Soon enough, there was a tug and some movement behind the curtain which hid my belly from view. There was no cry, just silence. I briefly saw the tiniest baby I had ever seen being whisked through the room. Craning my neck as best I could I said to The Mister, "Was that him? Was that the baby?" I couldn't believe my eyes. This little guy who had been kicking away inside of me was so very small.
Once I was sewn back together, they wheeled me into recovery. I waited, groggy, to see my new child. When I was able, they wheeled my bed through the NICU so that I could touch his warm head as he lay there in the incubator. I wanted to stay by his side, but before long, the nurses nudged me away so that they could get me back to my own recovery.
"Mommy's here. I love you." I let my had fall from his furry little head.
As the days went by, my little Peanut grew in his incubator. Family came to visit. He met people. I received frequent reports from the doctors who were there around the clock.
"He did well last night."
"He is stable."
I had faith that everything would be fine.
For 24 hours, I was required to stay in bed by my OB/GYN. The moment the doctor let me out of bed, I had The Mister load me into a wheelchair and I virtually raced to the NICU to see my baby boy. There he was, so tiny, but strong. I lay my hand on his warm little body and knew that it was going to be okay.

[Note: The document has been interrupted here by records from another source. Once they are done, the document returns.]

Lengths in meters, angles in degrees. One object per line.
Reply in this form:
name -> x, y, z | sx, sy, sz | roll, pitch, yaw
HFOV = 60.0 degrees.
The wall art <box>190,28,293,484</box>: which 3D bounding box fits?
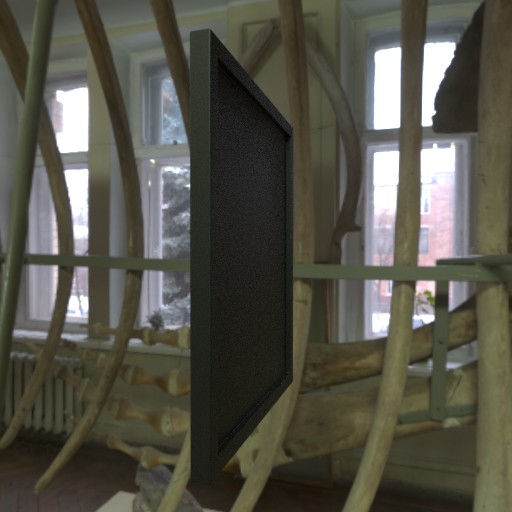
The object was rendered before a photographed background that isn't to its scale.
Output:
wall art -> 0.000, 0.000, 0.764 | 0.028, 0.559, 0.457 | 0, 1, 18
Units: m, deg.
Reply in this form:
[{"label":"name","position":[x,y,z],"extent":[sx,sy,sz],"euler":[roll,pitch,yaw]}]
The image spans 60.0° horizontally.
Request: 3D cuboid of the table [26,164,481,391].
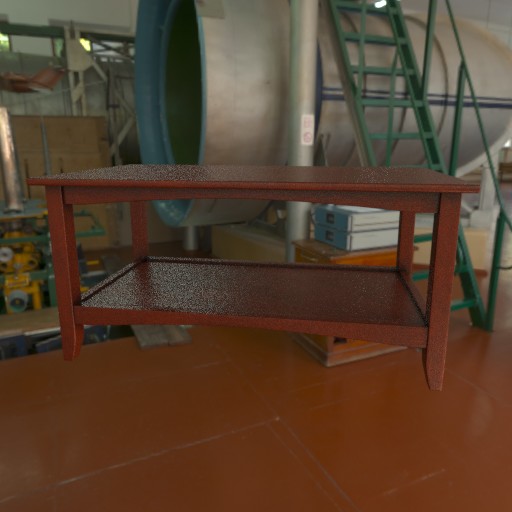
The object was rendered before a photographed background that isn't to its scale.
[{"label":"table","position":[0.000,0.000,1.217],"extent":[0.943,0.456,0.533],"euler":[2,15,9]}]
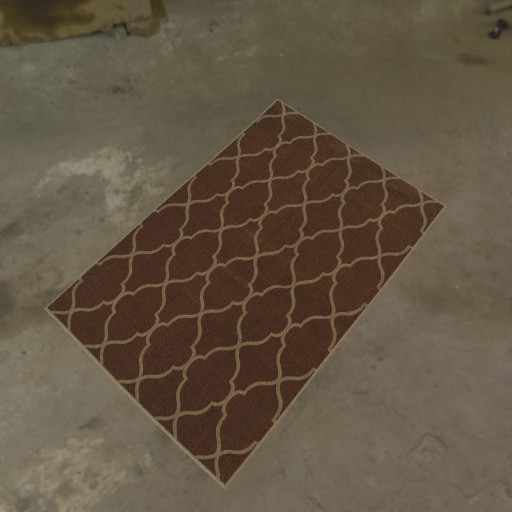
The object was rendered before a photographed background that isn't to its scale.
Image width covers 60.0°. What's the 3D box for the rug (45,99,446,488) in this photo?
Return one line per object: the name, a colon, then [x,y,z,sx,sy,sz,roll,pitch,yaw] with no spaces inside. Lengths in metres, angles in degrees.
rug: [0.000,0.000,2.911,1.528,0.014,2.294,38,70,16]
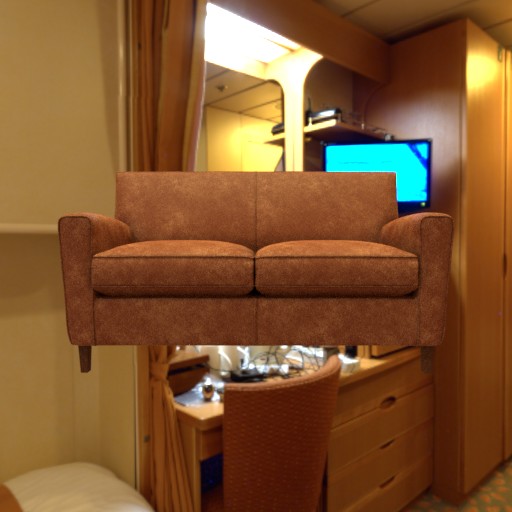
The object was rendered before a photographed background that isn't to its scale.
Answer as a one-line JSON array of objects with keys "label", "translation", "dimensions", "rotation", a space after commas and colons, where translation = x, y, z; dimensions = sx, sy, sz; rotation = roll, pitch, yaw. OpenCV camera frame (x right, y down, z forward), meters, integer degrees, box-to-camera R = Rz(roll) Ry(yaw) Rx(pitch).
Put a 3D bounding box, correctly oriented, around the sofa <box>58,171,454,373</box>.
[{"label": "sofa", "translation": [0.000, 0.000, 1.999], "dimensions": [1.473, 0.871, 0.787], "rotation": [0, 2, 0]}]
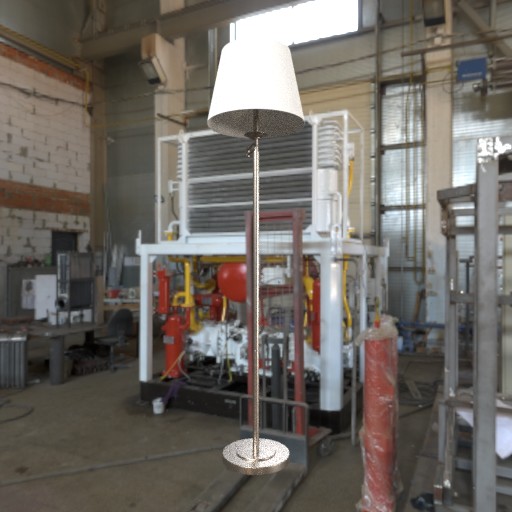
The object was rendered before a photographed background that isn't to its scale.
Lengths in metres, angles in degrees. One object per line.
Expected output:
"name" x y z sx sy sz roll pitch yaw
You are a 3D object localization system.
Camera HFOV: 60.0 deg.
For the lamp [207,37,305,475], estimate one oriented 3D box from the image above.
"lamp" 0.000 0.000 1.612 0.355 1.473 0.355 0 0 0
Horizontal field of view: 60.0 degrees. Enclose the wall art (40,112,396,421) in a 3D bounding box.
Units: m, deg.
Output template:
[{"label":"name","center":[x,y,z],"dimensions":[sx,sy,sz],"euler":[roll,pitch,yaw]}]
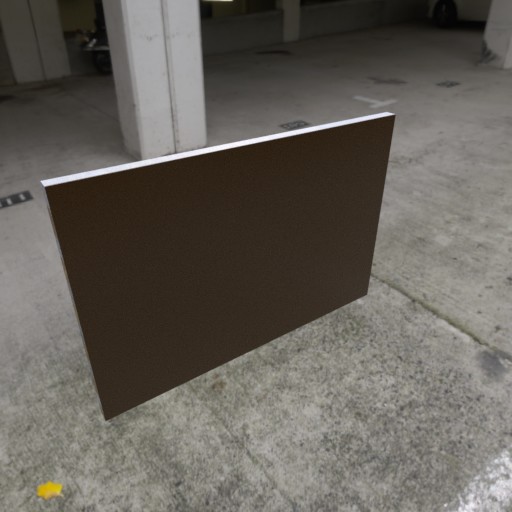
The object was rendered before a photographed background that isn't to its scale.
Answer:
[{"label":"wall art","center":[0.000,0.000,1.450],"dimensions":[1.145,0.762,0.041],"euler":[-20,36,-30]}]
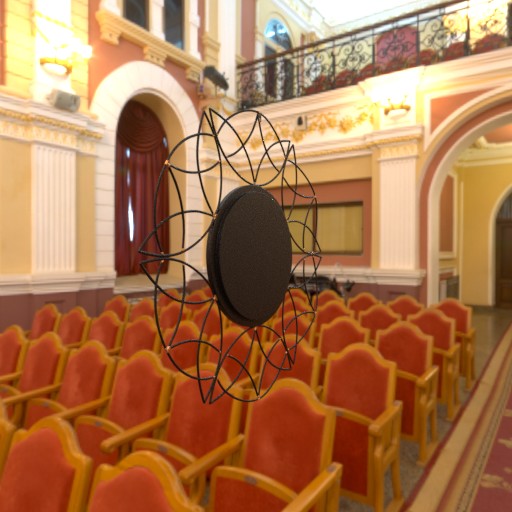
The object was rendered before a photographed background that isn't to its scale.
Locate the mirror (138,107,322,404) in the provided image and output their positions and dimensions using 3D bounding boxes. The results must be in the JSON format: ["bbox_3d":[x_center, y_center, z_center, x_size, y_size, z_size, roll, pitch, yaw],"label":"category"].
[{"bbox_3d":[0.000,0.000,1.192,0.028,0.775,0.797,0,0,35],"label":"mirror"}]
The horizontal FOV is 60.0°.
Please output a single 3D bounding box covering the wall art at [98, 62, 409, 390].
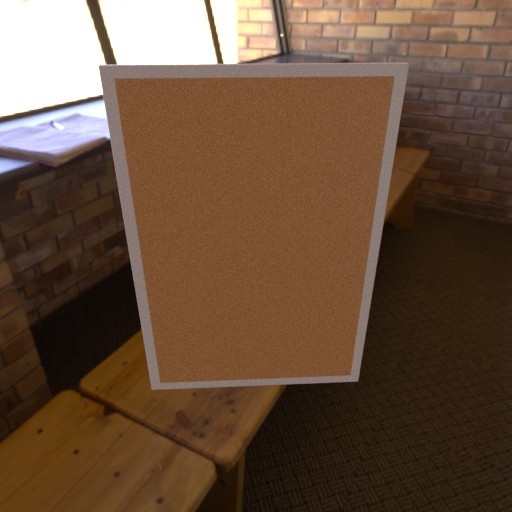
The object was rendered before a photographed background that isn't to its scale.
[{"bbox_3d":[0.000,0.000,0.820,0.456,0.656,0.013,-2,30,-3],"label":"wall art"}]
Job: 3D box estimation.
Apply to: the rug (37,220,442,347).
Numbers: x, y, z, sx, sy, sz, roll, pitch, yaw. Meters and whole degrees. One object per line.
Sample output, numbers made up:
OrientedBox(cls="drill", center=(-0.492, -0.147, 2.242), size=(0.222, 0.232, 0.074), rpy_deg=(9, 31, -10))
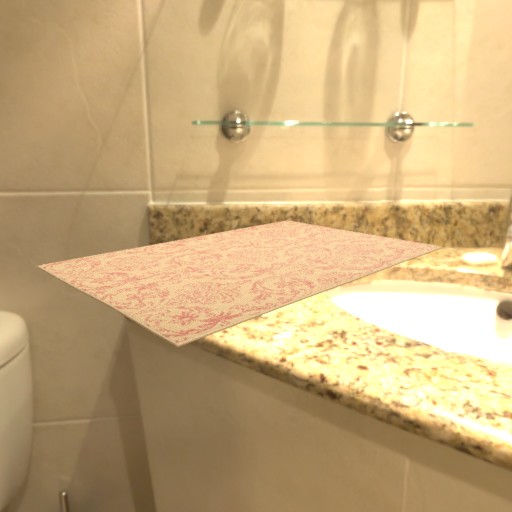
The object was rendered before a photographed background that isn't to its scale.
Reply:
OrientedBox(cls="rug", center=(0.000, 0.000, 3.559), size=(2.746, 0.018, 1.819), rpy_deg=(-14, 20, -42))
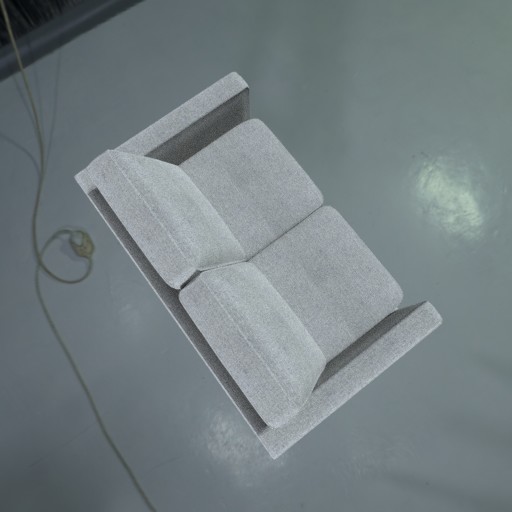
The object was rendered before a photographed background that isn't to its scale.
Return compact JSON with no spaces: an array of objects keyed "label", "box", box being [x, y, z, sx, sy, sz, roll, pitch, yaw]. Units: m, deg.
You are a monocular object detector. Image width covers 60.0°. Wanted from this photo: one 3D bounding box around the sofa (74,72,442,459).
[{"label":"sofa","box":[0.000,0.000,2.224,0.969,0.973,1.527,-36,80,-7]}]

The next morning, one of the neo-natologist visited our room. He told us that The Peanut had a rough night. They were doing tests. I worried, but I didn't panic. I knew that the NICU was full of ups and downs. We went to visit as soon as we could.
As soon as we arrived, I knew that things had shifted. The Peanut's oxygen sats were well below normal. He had a monitor alarming. While he looked no different, it was clear that things were not good. My heart raced to the beep of his alarm. Where was the nurse? Why wasn't someone saving him? Who was looking out for my son?
When the nurse arrived, a neo-natologist arrived with her. I have blotted out everything about this woman except the color of her hair. A brown bob is the only thing I can see when I dredge my memory banks. She spoke slowly and quietly, kindly, to The Mister and I. My memory of her words is a fragmented, hiccoughing blur. She spoke of a bleed he had suffered. She began to describe the stages of severity in such bleeds. As she described them, my hope was squeezed from me like the final drops from a soaking tea bag. I cannot tell you to this day what stages 1-3 held for him. I only know that she spoke in slow motion, moving through her explanation while time stood still. I waited, my throat catching at every stage. Maybe it's stage one. Maybe not so bad. But she kept going. My baby? My baby had a stage 4 bleed. My baby was failing.
And my instincts had failed. All of that warm, bubbly hope I had held inside of my heart had been a mistake. My sense of security was only wishful thinking and I had wasted his short life believing that we would have more time together. All because the one thing I thought I had, the one thing I should have had, my motherly instincts, had failed.